# Considering Divorce...



## confused2009 (Dec 5, 2013)

My husband and I were married in 2008. We met in the beginning of 2007 and dated for a year. After getting married we moved to a new state to begin our life together. i came into the marriage with one child and since being married we have had 3 kids. I am currently pregnant with our 4th. (5 kids altogether)

I am at the point however where I believe I want out of this marriage. Here is why. My husband is a liar. He's not a cheater, or a thief... but he is a liar. After getting married I found out that he had opened several bank accts. lines of credits and credit cards without my knowledge. They were all ran up and his credit was ruined. When it came time to buy a house I had to put it all on my credit because he had none. All of our utilities, bills, his car note, mine...everything is on my credit because his was ruined.

Then I found out that the college degree that he told me he had was also a lie. He never finished his bachelors degree even though he had been lying not only to me, but to his family and to his employers through the years about having a degree. This man lies about EVERYTHING.. Today (Wed) I ask him has he paid a bill.. "yeh.. I paid it in person last Friday" But yet I got a letter in the mail dated TUESDAY asking for payment. Small things, big things.. if he's talking... chances are he's telling a half truth, a no truth or a manipulated truth.. I have zero trust in anything this man says.. before I used to check his emails, his voicemails, his text messages all the time.. just to see what he was lying about.. now I don't care.. I don't care about his feelings, how he is doing. I'm mean half the time and I don't care. He'll say something and I'll reply.. "i don't believe you.. that must be another lie".. i can't pretend to hide my feelings of discontent toward him any longer.. 

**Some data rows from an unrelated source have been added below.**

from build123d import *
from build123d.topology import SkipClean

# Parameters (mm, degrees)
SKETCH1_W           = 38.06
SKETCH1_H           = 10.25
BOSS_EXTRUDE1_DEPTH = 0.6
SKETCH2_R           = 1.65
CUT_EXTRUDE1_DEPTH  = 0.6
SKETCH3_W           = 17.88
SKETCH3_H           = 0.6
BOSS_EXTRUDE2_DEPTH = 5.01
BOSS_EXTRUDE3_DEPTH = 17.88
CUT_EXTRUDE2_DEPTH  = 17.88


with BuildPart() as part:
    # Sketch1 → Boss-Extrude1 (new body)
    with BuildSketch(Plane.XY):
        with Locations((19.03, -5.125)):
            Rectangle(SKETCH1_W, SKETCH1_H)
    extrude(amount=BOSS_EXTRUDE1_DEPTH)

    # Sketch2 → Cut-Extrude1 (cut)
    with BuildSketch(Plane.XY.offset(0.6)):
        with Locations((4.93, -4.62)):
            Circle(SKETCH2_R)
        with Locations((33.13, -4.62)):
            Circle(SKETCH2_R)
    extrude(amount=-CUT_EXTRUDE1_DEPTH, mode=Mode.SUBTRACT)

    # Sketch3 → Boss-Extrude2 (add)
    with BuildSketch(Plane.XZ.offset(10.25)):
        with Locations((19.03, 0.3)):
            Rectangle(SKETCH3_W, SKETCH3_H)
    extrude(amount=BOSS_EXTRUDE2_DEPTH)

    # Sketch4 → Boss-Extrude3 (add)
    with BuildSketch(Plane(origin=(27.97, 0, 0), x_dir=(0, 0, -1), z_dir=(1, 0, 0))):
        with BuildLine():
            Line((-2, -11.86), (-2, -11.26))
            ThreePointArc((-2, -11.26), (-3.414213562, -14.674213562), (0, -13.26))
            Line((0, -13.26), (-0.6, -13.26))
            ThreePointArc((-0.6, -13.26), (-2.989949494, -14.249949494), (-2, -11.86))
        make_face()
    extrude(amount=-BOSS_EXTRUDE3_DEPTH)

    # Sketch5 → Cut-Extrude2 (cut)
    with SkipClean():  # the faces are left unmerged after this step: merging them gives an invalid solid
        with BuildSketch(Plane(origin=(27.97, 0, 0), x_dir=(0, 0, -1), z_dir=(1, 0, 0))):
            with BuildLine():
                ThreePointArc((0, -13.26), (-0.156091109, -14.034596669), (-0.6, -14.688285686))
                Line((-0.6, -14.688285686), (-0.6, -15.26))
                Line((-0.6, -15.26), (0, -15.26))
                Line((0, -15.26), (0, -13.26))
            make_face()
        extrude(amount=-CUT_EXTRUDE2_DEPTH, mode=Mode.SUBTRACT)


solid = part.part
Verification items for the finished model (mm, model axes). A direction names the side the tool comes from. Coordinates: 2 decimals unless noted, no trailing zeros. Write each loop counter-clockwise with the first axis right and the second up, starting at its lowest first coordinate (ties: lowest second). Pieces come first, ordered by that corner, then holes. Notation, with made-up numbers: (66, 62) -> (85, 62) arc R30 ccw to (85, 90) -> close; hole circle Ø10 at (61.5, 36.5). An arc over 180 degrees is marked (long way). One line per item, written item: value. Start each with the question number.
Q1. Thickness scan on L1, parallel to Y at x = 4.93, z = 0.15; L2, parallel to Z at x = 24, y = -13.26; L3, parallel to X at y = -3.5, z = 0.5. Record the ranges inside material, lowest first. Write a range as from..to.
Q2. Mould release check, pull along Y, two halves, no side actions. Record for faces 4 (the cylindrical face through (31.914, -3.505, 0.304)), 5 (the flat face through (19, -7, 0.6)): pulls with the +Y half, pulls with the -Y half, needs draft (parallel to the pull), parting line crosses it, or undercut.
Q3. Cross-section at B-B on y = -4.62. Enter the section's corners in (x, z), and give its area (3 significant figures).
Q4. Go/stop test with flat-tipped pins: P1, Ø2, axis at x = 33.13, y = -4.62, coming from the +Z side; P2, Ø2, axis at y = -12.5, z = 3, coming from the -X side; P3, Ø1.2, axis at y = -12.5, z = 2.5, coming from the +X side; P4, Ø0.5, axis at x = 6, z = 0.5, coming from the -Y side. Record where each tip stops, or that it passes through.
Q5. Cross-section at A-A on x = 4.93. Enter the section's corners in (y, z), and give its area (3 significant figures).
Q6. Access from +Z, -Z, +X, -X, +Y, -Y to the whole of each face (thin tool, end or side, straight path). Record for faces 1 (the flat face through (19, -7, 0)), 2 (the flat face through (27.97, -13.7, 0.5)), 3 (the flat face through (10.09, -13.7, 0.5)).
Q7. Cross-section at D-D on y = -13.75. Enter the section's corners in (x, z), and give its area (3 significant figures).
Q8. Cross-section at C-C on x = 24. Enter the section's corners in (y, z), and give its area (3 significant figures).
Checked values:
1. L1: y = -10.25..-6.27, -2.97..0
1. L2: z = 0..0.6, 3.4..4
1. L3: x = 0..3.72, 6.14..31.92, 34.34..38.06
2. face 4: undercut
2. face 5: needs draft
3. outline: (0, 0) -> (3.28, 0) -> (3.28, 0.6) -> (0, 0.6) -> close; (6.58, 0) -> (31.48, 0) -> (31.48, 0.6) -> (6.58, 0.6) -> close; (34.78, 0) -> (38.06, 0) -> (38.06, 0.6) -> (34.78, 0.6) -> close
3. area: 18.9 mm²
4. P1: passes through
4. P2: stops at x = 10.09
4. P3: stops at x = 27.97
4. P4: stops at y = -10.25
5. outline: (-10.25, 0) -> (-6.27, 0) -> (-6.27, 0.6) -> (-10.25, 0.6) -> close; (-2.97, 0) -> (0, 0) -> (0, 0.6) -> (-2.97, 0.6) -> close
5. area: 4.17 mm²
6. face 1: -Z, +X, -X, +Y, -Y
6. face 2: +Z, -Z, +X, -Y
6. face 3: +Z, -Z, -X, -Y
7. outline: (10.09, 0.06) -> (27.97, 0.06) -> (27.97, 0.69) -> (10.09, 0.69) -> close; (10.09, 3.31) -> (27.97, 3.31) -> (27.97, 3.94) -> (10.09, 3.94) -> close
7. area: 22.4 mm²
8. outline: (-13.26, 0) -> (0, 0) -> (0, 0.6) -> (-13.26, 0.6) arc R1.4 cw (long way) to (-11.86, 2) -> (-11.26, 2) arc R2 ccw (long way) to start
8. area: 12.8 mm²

Add to all of this the fact that in the 5 yrs we've been married he has has 5 jobs.. Currently on his 6th job, with spurts of unemployment in between up to 6mths to 13 mths at a time. I have carried this family through the entire marriage and I am tired of carrying a grown man financially who is an intense liar. At this point I resent him. I more than resent him. I literally can't stand him. I see the life that we have- that I have created and that he is enjoying, and I am irked. I don't make a lot of money and with a growing family what I do have is getting stretched thin but I can't rely on him for anything because his work history is so sporadic. Not to mention that when he is employed he makes less than half of what I do. I am not sure of what to do because our kids are young and they love their father but at this point I"m not sure that I do. He is in counseling for his lies...we have tried joint counseling before but this time I told him I wasn't going. this isn't MY issue... it's HIS. I resent him so much, I even resent his parents at this point because when I look at him I blame THEM for who he is To the point where I don't want my kids around them! I didn't get married to get divorced but I also didn't get married to be worse off than I was a single mother.. and that's exactly where I am right now.

how do i get past the hurt and learn to trust again? is it possible to regain trust with someone who has blatantly lied to you and their lies have hurt not just you but also the life that you are able to provide to your family?


----------



## AVR1962 (May 30, 2012)

Okay, 5 kids....how are you going to support your family? Do you work? What happens then? You find another daddy for your children and baby #1 had how many daddies? 

So he is a liar, got it, my first husband was a liar too. Am I glad we divorced? Yes! as not only was he a liar, he was a cheat and he could not hold a job. What about counseling to help him with his issues instead?


----------



## PBear (Nov 16, 2010)

When did all the lies start coming out? Why did you keep having kids with a man that you resent so much?

C
_Posted via Mobile Device_


----------



## confused2009 (Dec 5, 2013)

Yes I do work.. I'm actually the only dependable income that we have to pay our bills. I make a good salary and have carried all of the household bills by myself several times throughout the marriage because he stays unemployed...

as to why I keep having babies ... that's an excellent question. I first started to get a glimpse into his lying nature after i had had my first child with him. We had been married less than 2 yrs and I was DONE. I packed everything i had and was ready to move. My mom and his parents insisted that we could work it out, marriage is forever, blah blah blah.. we started counseling.. 

Second pregnancy new lies.. new attempt to pack up and leave... more give it time advice from loved ones.. more attempts at counseling..

wash rinse repeat.. 

this time he is in counseling only I've refused to go. I told him that these are his issues not mine and he needs to work them out. not for me but for himself because right now he sucks as a man. 

i've been told that before you leave a marriage you need to develop an exit strategy. a plan of action. I'm working on that now.. any suggestions or advice please share.


----------